Cloud intermittent issues
Running a data access framework in the cloud for a period, we may come across transient issues which resolve quickly. For example, a brief connectivity error could occur when a system reconfiguration is in progress.
- Check Azure Service Health
- View Azure resource monitoring tools and metrics
- View Data Factory pipeline activity
- Implement retry logic in execution package
- For Azure Data Factory connecting to on-Premises data sources, ensure the Self-Hosted Integration Runtime is installed and running.

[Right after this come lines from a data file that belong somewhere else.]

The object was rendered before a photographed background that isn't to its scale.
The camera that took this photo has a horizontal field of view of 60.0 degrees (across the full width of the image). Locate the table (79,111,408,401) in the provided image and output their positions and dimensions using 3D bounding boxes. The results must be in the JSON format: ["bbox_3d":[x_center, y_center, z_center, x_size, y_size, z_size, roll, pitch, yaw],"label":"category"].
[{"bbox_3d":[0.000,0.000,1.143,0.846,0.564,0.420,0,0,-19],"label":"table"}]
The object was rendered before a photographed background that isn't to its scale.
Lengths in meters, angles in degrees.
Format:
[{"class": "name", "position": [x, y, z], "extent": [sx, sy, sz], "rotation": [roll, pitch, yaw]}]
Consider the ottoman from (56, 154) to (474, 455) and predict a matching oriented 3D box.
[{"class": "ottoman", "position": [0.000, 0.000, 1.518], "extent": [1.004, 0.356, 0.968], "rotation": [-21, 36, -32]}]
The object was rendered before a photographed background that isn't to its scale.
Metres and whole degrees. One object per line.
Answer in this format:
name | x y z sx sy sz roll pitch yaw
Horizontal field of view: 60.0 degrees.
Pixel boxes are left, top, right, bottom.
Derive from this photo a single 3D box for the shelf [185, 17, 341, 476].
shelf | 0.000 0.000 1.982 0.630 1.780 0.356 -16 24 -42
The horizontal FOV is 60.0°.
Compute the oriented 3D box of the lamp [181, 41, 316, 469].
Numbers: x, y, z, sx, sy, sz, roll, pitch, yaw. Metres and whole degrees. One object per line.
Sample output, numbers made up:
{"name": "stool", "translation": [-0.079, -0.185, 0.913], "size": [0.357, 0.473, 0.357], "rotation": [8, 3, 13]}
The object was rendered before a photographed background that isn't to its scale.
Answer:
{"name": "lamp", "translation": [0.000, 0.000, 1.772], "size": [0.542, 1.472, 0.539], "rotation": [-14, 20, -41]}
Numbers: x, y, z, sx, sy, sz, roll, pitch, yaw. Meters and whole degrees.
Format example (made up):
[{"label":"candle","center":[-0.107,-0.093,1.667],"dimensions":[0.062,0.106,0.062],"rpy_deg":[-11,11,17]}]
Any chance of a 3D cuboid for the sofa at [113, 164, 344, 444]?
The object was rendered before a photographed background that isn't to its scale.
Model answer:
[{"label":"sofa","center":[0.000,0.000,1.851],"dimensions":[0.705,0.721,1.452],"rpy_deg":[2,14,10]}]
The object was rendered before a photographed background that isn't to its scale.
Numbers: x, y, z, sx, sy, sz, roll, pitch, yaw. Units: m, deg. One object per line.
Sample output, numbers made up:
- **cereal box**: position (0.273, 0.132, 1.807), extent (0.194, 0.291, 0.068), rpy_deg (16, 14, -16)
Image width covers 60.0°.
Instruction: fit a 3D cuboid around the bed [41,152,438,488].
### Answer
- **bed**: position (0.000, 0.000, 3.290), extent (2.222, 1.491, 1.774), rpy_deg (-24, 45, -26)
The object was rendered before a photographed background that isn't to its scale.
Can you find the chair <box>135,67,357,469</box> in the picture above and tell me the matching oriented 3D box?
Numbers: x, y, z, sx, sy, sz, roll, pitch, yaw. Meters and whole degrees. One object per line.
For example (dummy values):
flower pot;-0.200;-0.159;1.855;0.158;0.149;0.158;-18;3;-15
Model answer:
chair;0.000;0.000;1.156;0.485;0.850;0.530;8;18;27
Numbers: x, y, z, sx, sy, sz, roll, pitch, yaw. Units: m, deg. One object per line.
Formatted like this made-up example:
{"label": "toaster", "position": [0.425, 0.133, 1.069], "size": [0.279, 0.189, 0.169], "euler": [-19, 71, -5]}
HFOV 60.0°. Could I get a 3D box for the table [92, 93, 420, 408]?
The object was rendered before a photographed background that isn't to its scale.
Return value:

- Check for resource usage and scaling options
Cloud cost issues
To save cost on cloud deployments, configure and right-size external resources:
- Before Deployment - use Azure Pricing Calculator to estimate the total cost of all resources
- After Deployment - view Cost Management options in Azure Portal. Set budgets, thresholds, and alerts
- Review Azure Advisor recommendations and cost-saving tips based on your usage patterns
- Pause Azure resources (Azure Synapse, Analysis Services etc.) not in use
- Use serverless option where available
- Identify unused resources and VMs. Stop and deallocate VMs not in use
- Clean up old Data Lake folders from unused data sources – delete or archive into “cool” storage.
We hope this article and comprehensive checklists help data architects, data engineers and data scientists design and maintain big data framework, extract from any data source and build modern data estates for BI and AI in less time.
Creative troubleshooting is a combination of verification processes, checklists, quick debug tools, know-how of hybrid/ external parts of the puzzle, and applying proven practices. Review our article’s section headings again to make your own top-10 tips for self-support.
Takeaway lesson: Eliminate variables, simplify the repro, and isolate the root cause!